In 500 mL van de verdunde oplossing zit: 500 / 25 x 1,915 mmol = 38,30 mmol H2SO4.
Dan bevat 10,00 mL onverdunde opl. dezelfde hoeveelheid.
Concentratie: 38,30 mmol / 10,00 mL = 3,830 mmol/mL (mol/L)
Opgave 15
1,4322 g Na2CO3 wordt afgewogen en opgelost in een maatkolf van 250 mL. Na aanvullen
wordt hieruit 10,00 mL gepipetteerd en getitreerd met 10,99 mL H2SO4-oplossing.
Reactie: CO32- + 2 H3O+ → 3 H2O + CO2
Bereken de analytische concentratie van het zuur.
H2SO4 levert 2 H3O+ hierdoor is de reactieverhouding H2SO4 en Na2CO3: 1 op 1
Hoeveelheid Na2CO3 in mmol: n(Na2CO3) = 1432,2 mg / 106,0 mg/mmol = 13,51 mmol.
Deze hoeveelheid is opgelost in 250 mL. In 10,00 mL van deze oplossing zit dan:
10 / 250 x 13,51 mmol = 0,5405 mmol Na2CO3
Dit reageert met evenveel H2SO4 in 10,99 mL H2SO4-oplossing.
Concentratie H2SO4 dus: 0,5405 mmol / 10,99 mL = 0,0492 mmol/mL
(mol/L)
Opgave 16
Van oxaalzuurdihydraat (formule: ((COOH)2.2H2O) weegt een analist 5050 mg af, hij lost het
op tot 250 mL. Hieruit wordt 10,00 mL gepipetteerd en getitreerd met NaOH. Verbruik: 15,27
mL.
Reactie: (COOH)2 + 2 OH- → (COO)22- + 2 H2O
Uitwerkingen van de opgaven uit:
BASISCHEMIE voor het MLO ISBN 9789077423875, 3e druk, Uitgeverij Syntax
Media
Hoofdstuk 21 Chemisch rekenen (4)
bladzijde 8
Bereken de analytische concentratie van de NaOH-oplossing.

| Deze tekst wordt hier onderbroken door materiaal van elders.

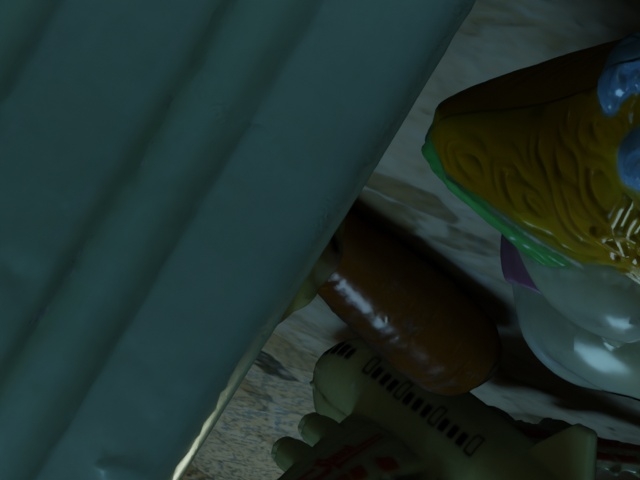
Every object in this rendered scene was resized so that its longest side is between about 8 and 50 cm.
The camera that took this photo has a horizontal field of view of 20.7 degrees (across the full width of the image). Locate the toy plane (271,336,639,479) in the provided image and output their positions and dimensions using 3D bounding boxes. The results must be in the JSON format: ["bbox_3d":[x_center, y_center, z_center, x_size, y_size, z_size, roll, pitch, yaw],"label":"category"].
[{"bbox_3d":[0.059,0.103,0.813,0.242,0.104,0.256,-2,-176,-27],"label":"toy plane"}]

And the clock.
[{"bbox_3d":[0.138,0.006,0.473,0.231,0.103,0.144,20,153,7],"label":"clock"}]

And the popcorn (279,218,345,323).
[{"bbox_3d":[-0.081,-0.035,0.505,0.187,0.185,0.167,-33,150,35],"label":"popcorn"}]

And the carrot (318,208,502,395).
[{"bbox_3d":[0.000,0.000,0.729,0.216,0.048,0.048,39,157,-28],"label":"carrot"}]

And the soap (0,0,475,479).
[{"bbox_3d":[-0.080,-0.029,0.366,0.160,0.265,0.087,29,-172,-16],"label":"soap"}]

“Titerstelling” de inweeg is zuivere stof. We starten de berekening bij de inweeg.
n(oxaalzuur) = 5050 mg / 126,07 mg/mmol = 40,06 mmol. Opgelost tot 250 mL. 10,00 mL
van deze oplossing bevat dan:
10,00 / 250 x 40,06 mmol = 1,6023 mmol.
Dit reageert met 2 x 1,6023 mmol = 3,205 mmol NaOH.

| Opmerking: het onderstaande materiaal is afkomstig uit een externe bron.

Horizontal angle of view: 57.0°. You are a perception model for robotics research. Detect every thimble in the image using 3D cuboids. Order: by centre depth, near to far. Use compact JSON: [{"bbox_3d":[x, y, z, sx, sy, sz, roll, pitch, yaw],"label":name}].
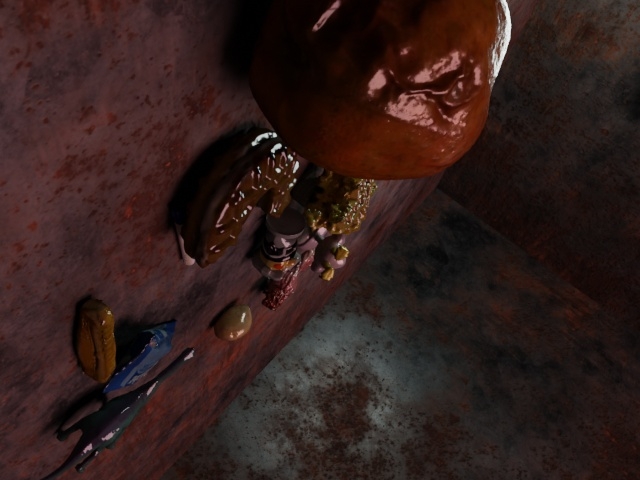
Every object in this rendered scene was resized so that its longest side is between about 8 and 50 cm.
[{"bbox_3d":[-0.033,-0.153,1.796,0.110,0.062,0.084,-46,164,-25],"label":"thimble"}]

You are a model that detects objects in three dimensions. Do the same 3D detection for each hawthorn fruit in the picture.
[{"bbox_3d":[0.105,-0.319,1.057,0.472,0.472,0.472,-48,166,-16],"label":"hawthorn fruit"}]

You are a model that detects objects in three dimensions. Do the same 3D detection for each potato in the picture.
[{"bbox_3d":[-0.295,0.280,1.991,0.147,0.112,0.112,-36,160,-40],"label":"potato"}]

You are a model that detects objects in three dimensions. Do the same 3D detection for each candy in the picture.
[{"bbox_3d":[-0.450,0.291,1.517,0.187,0.077,0.331,-51,178,-2],"label":"candy"}]

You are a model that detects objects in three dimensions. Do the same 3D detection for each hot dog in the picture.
[{"bbox_3d":[-0.480,0.219,1.272,0.289,0.083,0.068,115,0,-46],"label":"hot dog"}]

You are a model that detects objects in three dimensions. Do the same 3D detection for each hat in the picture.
[{"bbox_3d":[-0.135,0.150,2.158,0.236,0.107,0.286,-50,-176,42],"label":"hat"}]

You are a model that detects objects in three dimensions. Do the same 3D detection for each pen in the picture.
[{"bbox_3d":[-0.307,-0.011,1.326,0.033,0.033,0.269,-45,165,-25],"label":"pen"}]

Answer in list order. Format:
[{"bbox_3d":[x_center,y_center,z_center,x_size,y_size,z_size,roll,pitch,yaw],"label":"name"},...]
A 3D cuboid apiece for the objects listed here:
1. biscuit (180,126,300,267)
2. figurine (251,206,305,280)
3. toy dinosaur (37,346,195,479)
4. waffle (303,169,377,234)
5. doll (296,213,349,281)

3,205 mmol NaOH is opgelost in 15,27 mL.
c(NaOH) = 3,205 mmol / 15,27 mL = 0,2099 mmol/mL (mol/L)
Opgave 17
1,700 g natriumoxalaatdihydraat (formule: (COONa)2.2H2O) wordt opgelost tot 250 mL,
hiervan wordt 25,00 mL gepipetteerd en getitreerd met een HCl-oplossing. Verbruik: 25,37
mL.
Reactie: (COO)22- + 2 H3O+ → (COOH)2 + 2 H2O
Bereken de analytische concentratie van het zuur.
“Titerstelling” de inweeg is zuivere stof. We starten de berekening bij de inweeg.
n(natriumoxalaatdihydraat) = 1700 mg / 170,0 mg/mmol = 10,00 mmol. Opgelost tot 250 mL.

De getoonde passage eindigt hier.